The next time you need to get a creative boost, try playing a video game. Not all day, that is the road to unemployment, but taking a break to play an open-ended building game, like Minecraft, has been found to increase creativity. Especially if you just do whatever you'd like.

An experimental study compared the effect of playing Minecraft to watching a TV show or playing a race car video game. Those given the freedom to play Minecraft without instruction were most creative. If you are not familiar with it, Minecraft was originally created in 2009 as a brilliantly fast generating world, almost like Lego toys. It first caught the computer programming world by storm, then kids embraced it, and eventually it got a huge buyout from Microsoft. 

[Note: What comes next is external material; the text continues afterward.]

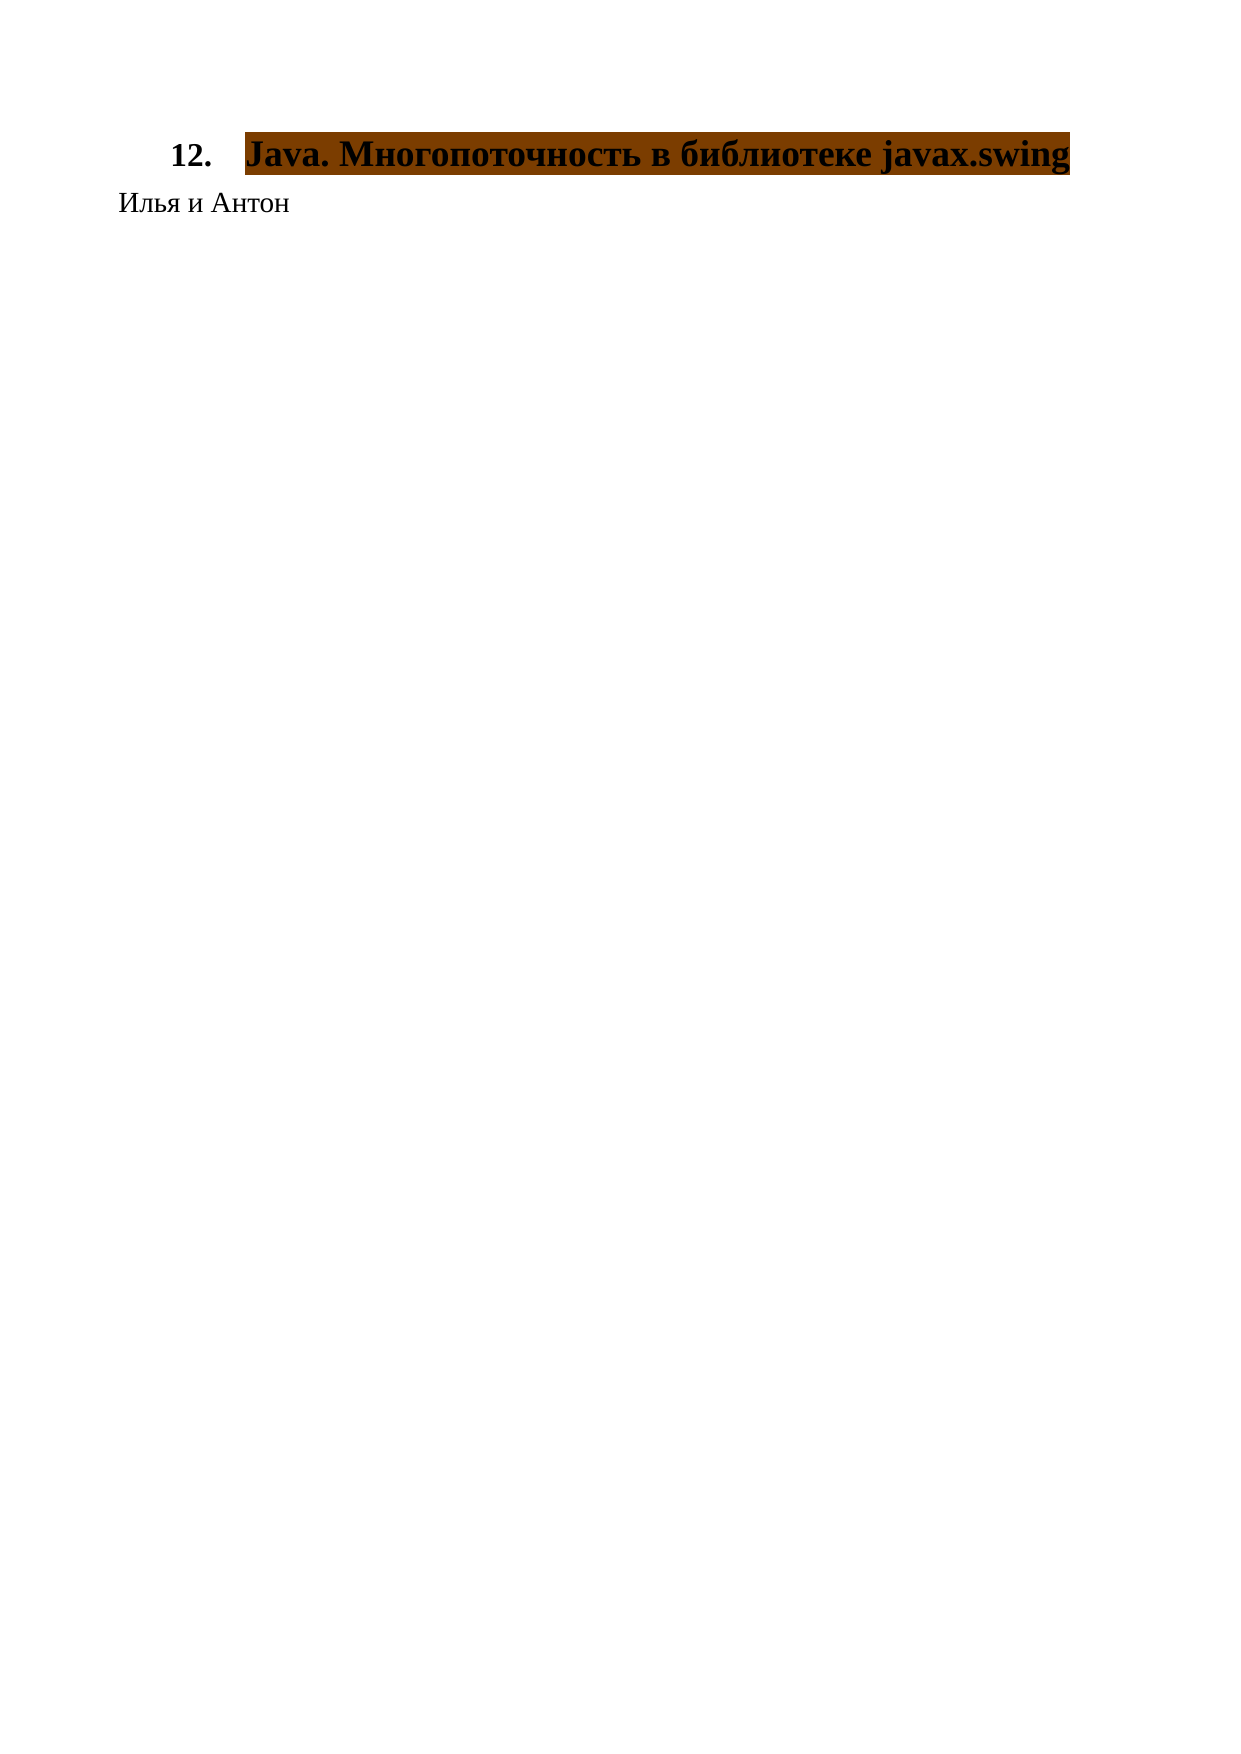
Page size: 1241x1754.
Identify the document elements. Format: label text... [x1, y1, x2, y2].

subtitle Java. Многопоточность в библиотеке javax.swing [118, 143, 1122, 173]
text Илья и Антон [118, 185, 1122, 219]

When the first version was posted by the creator, Markus Persson (Notch), who said he wanted to make a JAVA type Dwarf Fortress, it was 8 minutes before things started to take off.

Study participants randomly assigned to play Minecraft were split into two groups. The one receiving instruction was told to play as creatively as possible. After 40 minutes of play or watching TV, the 352 participants completed several creativity tasks. To measure creative production, they were asked to draw a creature from a world much different than Earth. More human-like creatures scored low for creativity and those less human-like scored high. Surprisingly, those instructed to be creative while playing Minecraft were the least creative.

No one wants to be told to be creative

Douglas Gentile, a professor of psychology at Iowa State University, concedes there's no explanation for this finding, other than choosing how to play mattered even more than choosing to play at all. 

Why not other games? Other papers, including by Gentile, argue that violent video games can change prosocial behavior. All video games require creativity, unlike television which is inherently passive. 

They posit it may not be just what you practice, but how you practice, that fosters creativity. 

They naturally want to virtue signal about how their experiment could lead to engaging and adaptive educational opportunities, etc., but forget the culturespeak. If you are stuck, pull out your tablet and forget for half an hour. Just set a timer. It can be pretty engrossing.